Work task =>
Find the line that contains "Same again for the pill". Restate it and each following line exactly, through the end of the records.
(Records for this exercise begins)
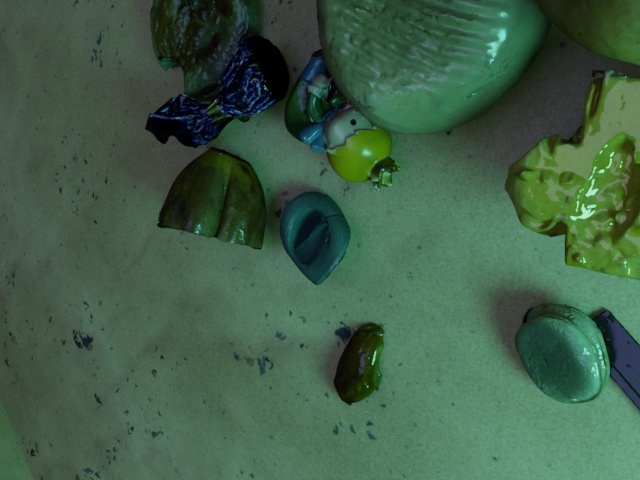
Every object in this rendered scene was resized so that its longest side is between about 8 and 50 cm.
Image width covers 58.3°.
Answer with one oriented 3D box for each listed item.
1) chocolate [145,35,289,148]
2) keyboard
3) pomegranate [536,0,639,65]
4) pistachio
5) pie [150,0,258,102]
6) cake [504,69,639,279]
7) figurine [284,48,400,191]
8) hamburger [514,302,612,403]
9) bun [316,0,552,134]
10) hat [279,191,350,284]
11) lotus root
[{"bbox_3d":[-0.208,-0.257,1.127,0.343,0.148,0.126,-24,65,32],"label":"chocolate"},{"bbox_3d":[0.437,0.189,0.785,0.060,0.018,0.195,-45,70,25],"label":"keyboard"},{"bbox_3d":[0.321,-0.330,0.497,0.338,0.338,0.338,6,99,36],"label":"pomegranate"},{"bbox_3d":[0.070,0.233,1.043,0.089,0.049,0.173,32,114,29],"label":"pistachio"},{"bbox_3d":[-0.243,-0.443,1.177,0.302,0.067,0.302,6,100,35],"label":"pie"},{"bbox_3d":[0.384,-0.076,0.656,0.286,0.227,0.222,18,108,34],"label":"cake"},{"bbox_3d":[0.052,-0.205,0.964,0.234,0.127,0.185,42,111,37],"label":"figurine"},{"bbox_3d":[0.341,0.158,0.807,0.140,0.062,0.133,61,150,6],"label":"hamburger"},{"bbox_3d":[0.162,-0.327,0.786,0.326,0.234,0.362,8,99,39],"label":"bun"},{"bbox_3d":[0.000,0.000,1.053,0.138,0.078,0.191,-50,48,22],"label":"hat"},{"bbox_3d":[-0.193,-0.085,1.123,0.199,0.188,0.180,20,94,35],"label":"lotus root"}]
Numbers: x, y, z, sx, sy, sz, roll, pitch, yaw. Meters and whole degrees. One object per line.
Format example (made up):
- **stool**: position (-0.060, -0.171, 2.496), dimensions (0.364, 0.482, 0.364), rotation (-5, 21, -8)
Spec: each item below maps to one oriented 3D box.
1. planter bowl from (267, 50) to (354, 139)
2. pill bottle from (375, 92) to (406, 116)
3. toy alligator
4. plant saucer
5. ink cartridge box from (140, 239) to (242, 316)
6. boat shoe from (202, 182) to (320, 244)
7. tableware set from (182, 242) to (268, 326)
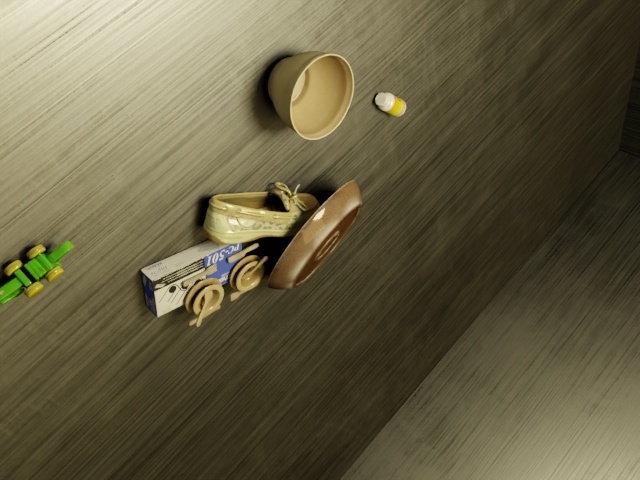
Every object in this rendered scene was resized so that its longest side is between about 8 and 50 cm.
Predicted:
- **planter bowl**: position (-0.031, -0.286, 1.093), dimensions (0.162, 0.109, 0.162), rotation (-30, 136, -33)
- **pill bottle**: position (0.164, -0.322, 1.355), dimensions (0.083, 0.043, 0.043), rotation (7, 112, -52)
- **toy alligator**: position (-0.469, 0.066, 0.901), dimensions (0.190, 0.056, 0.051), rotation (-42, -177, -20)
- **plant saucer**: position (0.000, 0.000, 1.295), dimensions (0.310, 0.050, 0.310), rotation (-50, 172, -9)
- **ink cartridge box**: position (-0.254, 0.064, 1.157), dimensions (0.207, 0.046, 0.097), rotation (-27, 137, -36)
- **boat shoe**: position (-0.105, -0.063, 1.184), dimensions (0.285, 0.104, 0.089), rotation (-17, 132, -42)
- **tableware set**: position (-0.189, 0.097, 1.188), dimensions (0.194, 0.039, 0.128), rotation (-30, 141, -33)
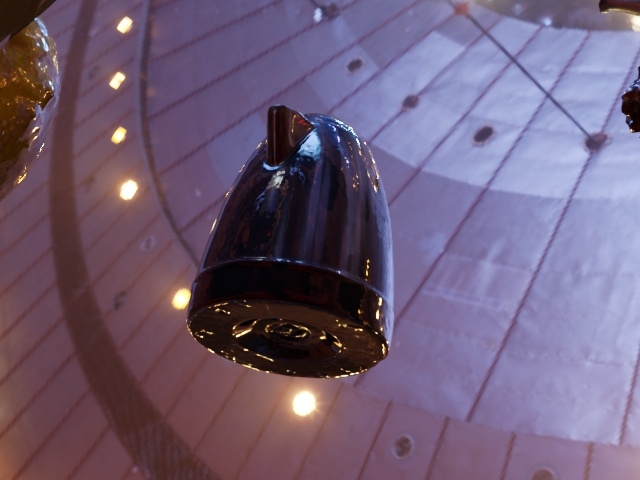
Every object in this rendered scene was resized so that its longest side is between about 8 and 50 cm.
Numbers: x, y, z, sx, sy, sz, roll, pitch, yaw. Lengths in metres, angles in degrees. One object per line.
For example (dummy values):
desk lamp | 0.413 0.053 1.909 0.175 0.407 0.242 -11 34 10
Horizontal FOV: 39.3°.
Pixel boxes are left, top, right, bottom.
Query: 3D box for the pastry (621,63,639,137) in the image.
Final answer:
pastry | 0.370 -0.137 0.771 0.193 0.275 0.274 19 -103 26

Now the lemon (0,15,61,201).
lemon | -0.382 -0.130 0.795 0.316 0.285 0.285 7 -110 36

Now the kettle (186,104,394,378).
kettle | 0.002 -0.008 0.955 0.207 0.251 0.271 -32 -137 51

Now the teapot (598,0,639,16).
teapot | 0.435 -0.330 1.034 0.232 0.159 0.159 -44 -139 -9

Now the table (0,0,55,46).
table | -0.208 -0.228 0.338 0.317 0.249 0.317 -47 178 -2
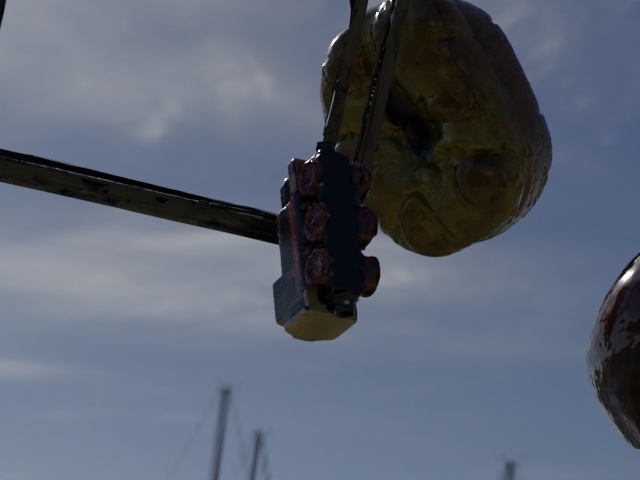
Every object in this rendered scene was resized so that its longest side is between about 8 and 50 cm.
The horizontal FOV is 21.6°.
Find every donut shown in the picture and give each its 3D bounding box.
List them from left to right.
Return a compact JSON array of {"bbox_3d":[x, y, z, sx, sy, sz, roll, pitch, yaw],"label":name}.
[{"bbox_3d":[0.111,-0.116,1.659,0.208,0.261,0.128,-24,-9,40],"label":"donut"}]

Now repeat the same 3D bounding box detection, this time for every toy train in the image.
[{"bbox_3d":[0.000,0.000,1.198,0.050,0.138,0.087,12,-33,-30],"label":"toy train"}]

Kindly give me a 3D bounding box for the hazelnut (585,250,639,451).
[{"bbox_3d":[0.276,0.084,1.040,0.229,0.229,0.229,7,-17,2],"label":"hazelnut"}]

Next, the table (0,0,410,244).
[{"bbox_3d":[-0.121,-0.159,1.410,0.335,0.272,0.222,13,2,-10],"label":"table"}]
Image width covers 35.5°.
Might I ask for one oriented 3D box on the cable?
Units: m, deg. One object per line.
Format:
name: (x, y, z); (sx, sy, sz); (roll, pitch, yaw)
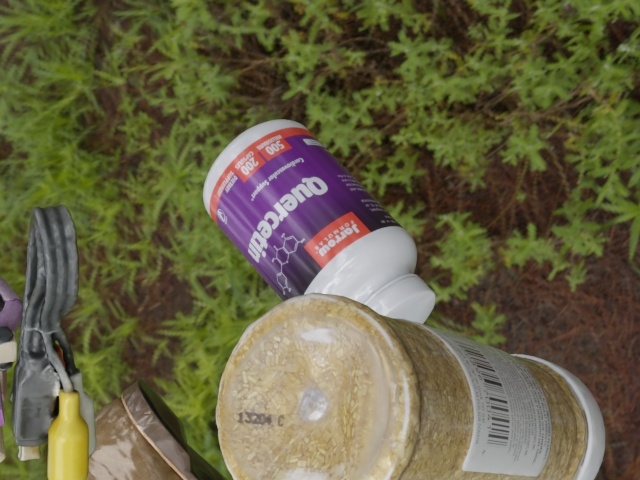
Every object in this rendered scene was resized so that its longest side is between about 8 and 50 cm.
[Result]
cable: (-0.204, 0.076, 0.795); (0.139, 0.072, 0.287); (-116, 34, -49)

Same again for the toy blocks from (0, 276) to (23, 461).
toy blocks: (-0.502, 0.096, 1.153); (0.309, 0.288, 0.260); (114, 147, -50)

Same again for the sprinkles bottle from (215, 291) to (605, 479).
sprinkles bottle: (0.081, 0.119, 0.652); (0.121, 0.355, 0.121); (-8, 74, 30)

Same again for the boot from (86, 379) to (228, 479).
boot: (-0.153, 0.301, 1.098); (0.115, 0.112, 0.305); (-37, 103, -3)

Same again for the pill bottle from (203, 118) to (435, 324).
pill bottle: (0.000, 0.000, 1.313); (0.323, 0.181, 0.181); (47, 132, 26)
(Records for this exercise ends)
Output below =>
Same again for the pill bottle from (203, 118) to (435, 324).
pill bottle: (0.000, 0.000, 1.313); (0.323, 0.181, 0.181); (47, 132, 26)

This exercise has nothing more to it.